On Tue, May 23, 2023 at 11:26:18AM -0400, Mike Snitzer wrote:
> On Tue, May 23 2023 at 10:05P -0400, Brian Foster <bfoster@redhat.com> wrote:
> > On Mon, May 22, 2023 at 02:27:57PM -0400, Mike Snitzer wrote:
> > ... since I also happen to think there is a potentially interesting
> > development path to make this sort of reserve pool configurable in terms
> > of size and active/inactive state, which would allow the fs to use an
> > emergency pool scheme for managing metadata provisioning and not have to
> > track and provision individual metadata buffers at all (dealing with
> > user data is much easier to provision explicitly). So the space
> > inefficiency thing is potentially just a tradeoff for simplicity, and
> > filesystems that want more granularity for better behavior could achieve
> > that with more work. Filesystems that don't would be free to rely on the
> > simple/basic mechanism provided by dm-thin and still have basic -ENOSPC
> > protection with very minimal changes.
> > 
> > That's getting too far into the weeds on the future bits, though. This
> > is essentially 99% a dm-thin approach, so I'm mainly curious if there's
> > sufficient interest in this sort of "reserve mode" approach to try and
> > clean it up further and have dm guys look at it, or if you guys see any
> > obvious issues in what it does that makes it potentially problematic, or
> > if you would just prefer to go down the path described above...
> 
> The model that Dave detailed, which builds on REQ_PROVISION and is
> sticky (by provisioning same blocks for snapshot) seems more useful to
> me because it is quite precise.  That said, it doesn't account for
> hard requirements that _all_ blocks will always succeed.
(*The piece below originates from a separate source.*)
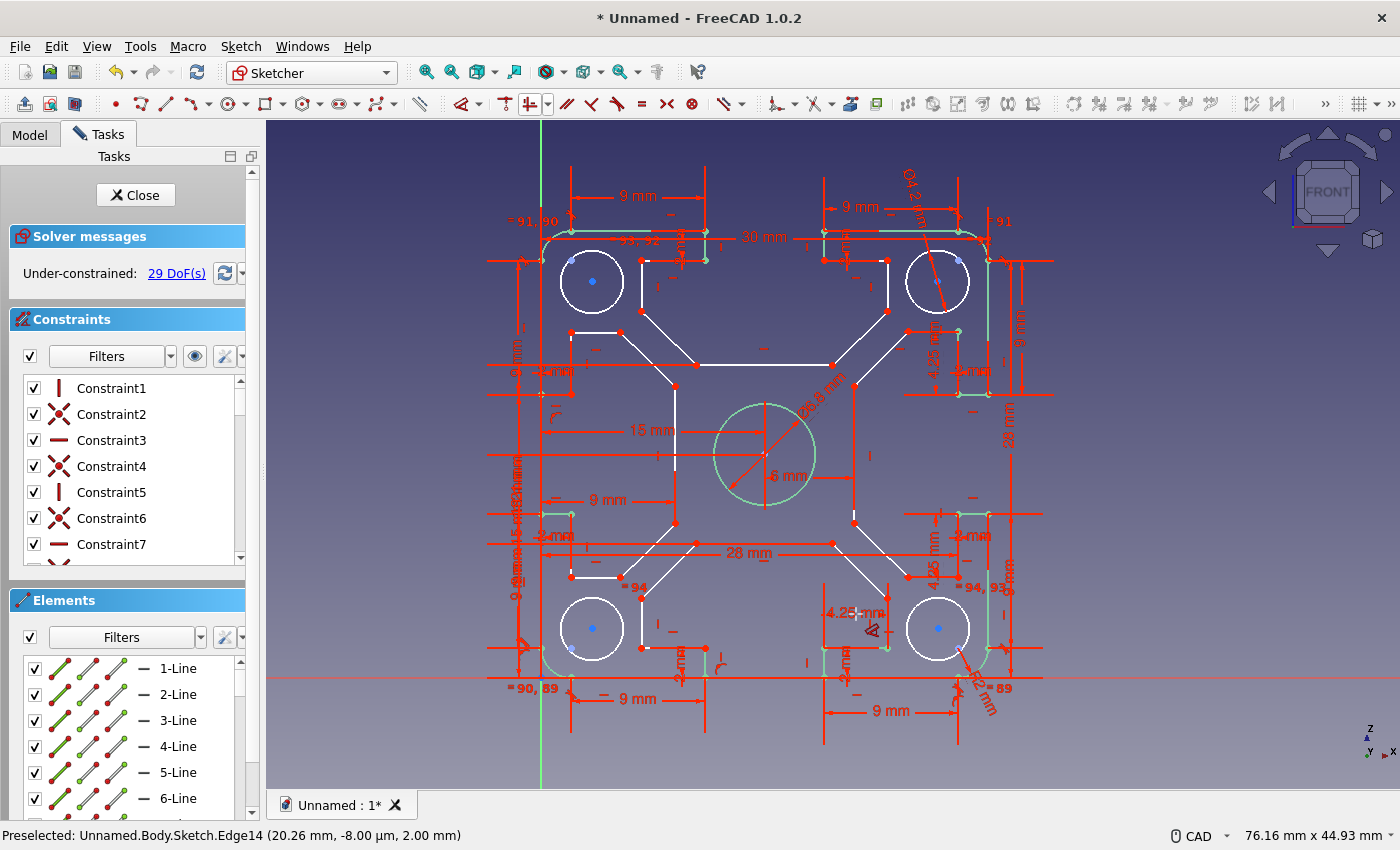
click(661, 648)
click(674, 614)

Hmmm. Maybe I'm misunderstanding the "reserve pool" context here,
but I don't think we'd ever need a hard guarantee from the block
device that every write bio issued from the filesystem will succeed
without ENOSPC.

If the block device can provide a guarantee that a provisioned LBA
range is always writable, then everything else is a filesystem level
optimisation problem and we don't have to involve the block device
in any way. All we need is a flag we can ready out of the bdev at
mount time to determine if the filesystem should be operating with
LBA provisioning enabled...

e.g. If we need to "pre-provision" a chunk of the LBA space for
filesystem metadata, we can do that ahead of time and track the
pre-provisioned range(s) in the filesystem itself.

In XFS, That could be as simple as having small chunks of each AG
reserved to metadata (e.g. start with the first 100MB) and limiting
all metadata allocation free space searches to that specific block
range. When we run low on that space, we pre-provision another 100MB
chunk and then allocate all metadata out of that new range. If we
start getting ENOSPC to pre-provisioning, then we reduce the size of
the regions and log low space warnings to userspace. If we can't
pre-provision any space at all and we've completely run out, we
simply declare ENOSPC for all incoming operations that require
metadata allocation until pre-provisioning succeeds again.
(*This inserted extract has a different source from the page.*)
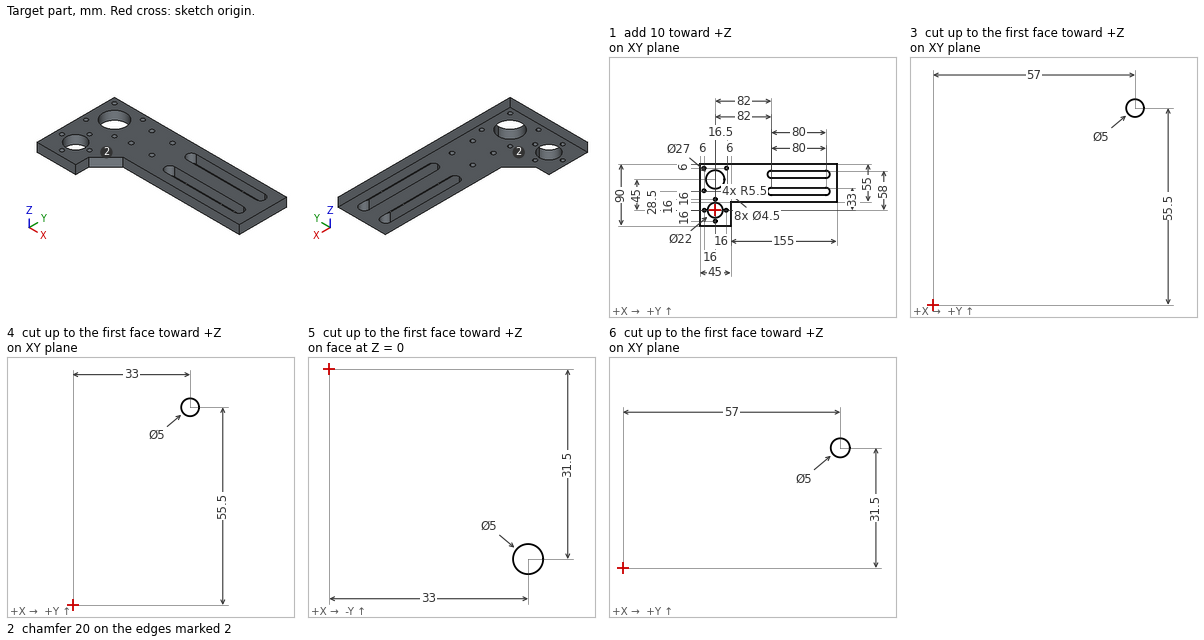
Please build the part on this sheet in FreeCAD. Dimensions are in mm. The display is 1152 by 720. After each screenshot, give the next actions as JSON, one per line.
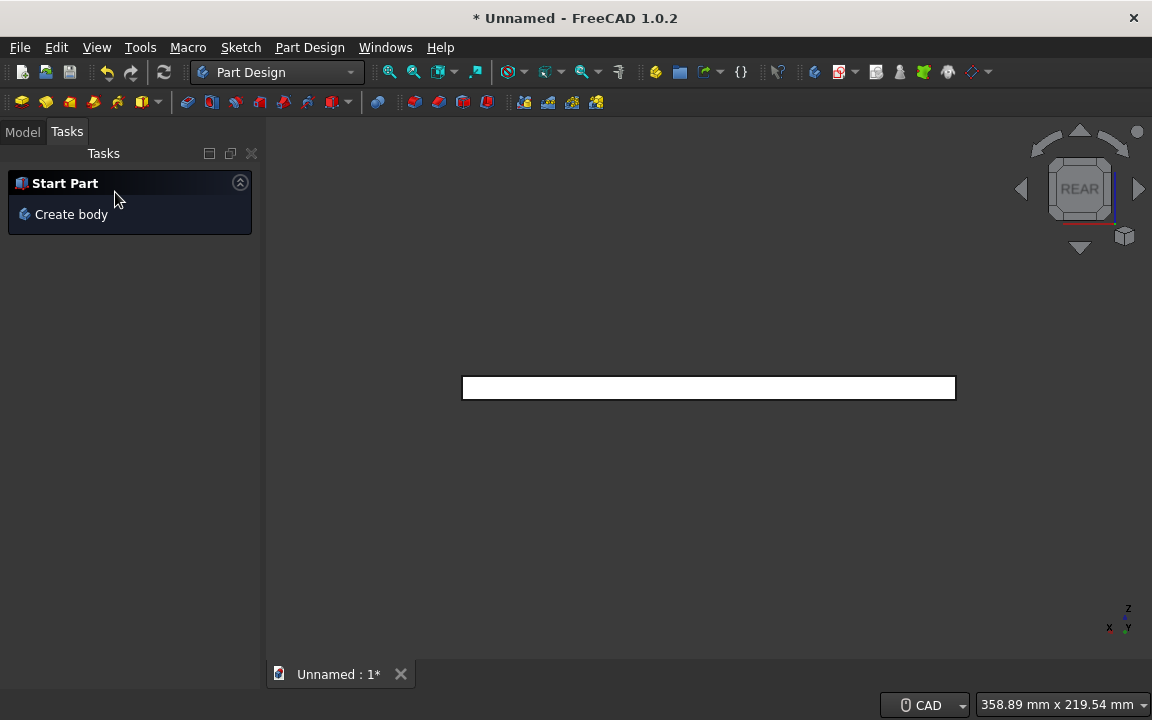
{"action": "key", "text": "6"}

This is built entirely on the premise that once proactive backing
device provisioning fails, the backing device is at ENOSPC and we
have to wait for that situation to go away before allowing new data
to be ingested. Hence the block device really doesn't need to know
anything about what the filesystem is doing and vice versa - The
block dev just says "yes" or "no" and the filesystem handles
everything else.

It's worth noting that XFS already has a coarse-grained
implementation of preferred regions for metadata storage. It will
currently not use those metadata-preferred regions for user data
unless all the remaining user data space is full.  Hence I'm pretty
sure that a pre-provisioning enhancment like this can be done
entirely in-memory without requiring any new on-disk state to be
added.

Sure, if we crash and remount, then we might chose a different LBA
region for pre-provisioning. But that's not really a huge deal as we
could also run an internal background post-mount fstrim operation to
remove any unused pre-provisioning that was left over from when the
system went down.

Further, managing shared pool exhaustion doesn't require a
reservation pool in the backing device and for the filesystems to
request space from it. Filesystems already have their own reserve
pools via pre-provisioning. If we want the filesystems to be able to
release that space back to the shared pool (e.g. because the shared
backing pool is critically short on space) then all we need is an
extension to FITRIM to tell the filesystem to also release internal
pre-provisioned reserves.

Then the backing pool admin (person or automated daemon!) can simply
issue a trim on all the filesystems in the pool and spce will be
returned. Then filesystems will ask for new pre-provisioned space
when they next need to ingest modifications, and the backing pool
can manage the new pre-provisioning space requests directly....

Hence I think if we get the basic REQ_PROVISION overwrite-in-place
guarantees defined and implemented as previously outlined, then we
don't need any special coordination between the fs and block devices
to avoid fatal ENOSPC issues with sparse and/or snapshot capable
block devices...

As a bonus, if we can implement the guarantees in dm-thin/-snapshot
and have a filesystem make use of it, then we also have a reference
implementation to point at device vendors and standards
associations....

Cheers,

Dave.
-- 
Dave Chinner
david@fromorbit.com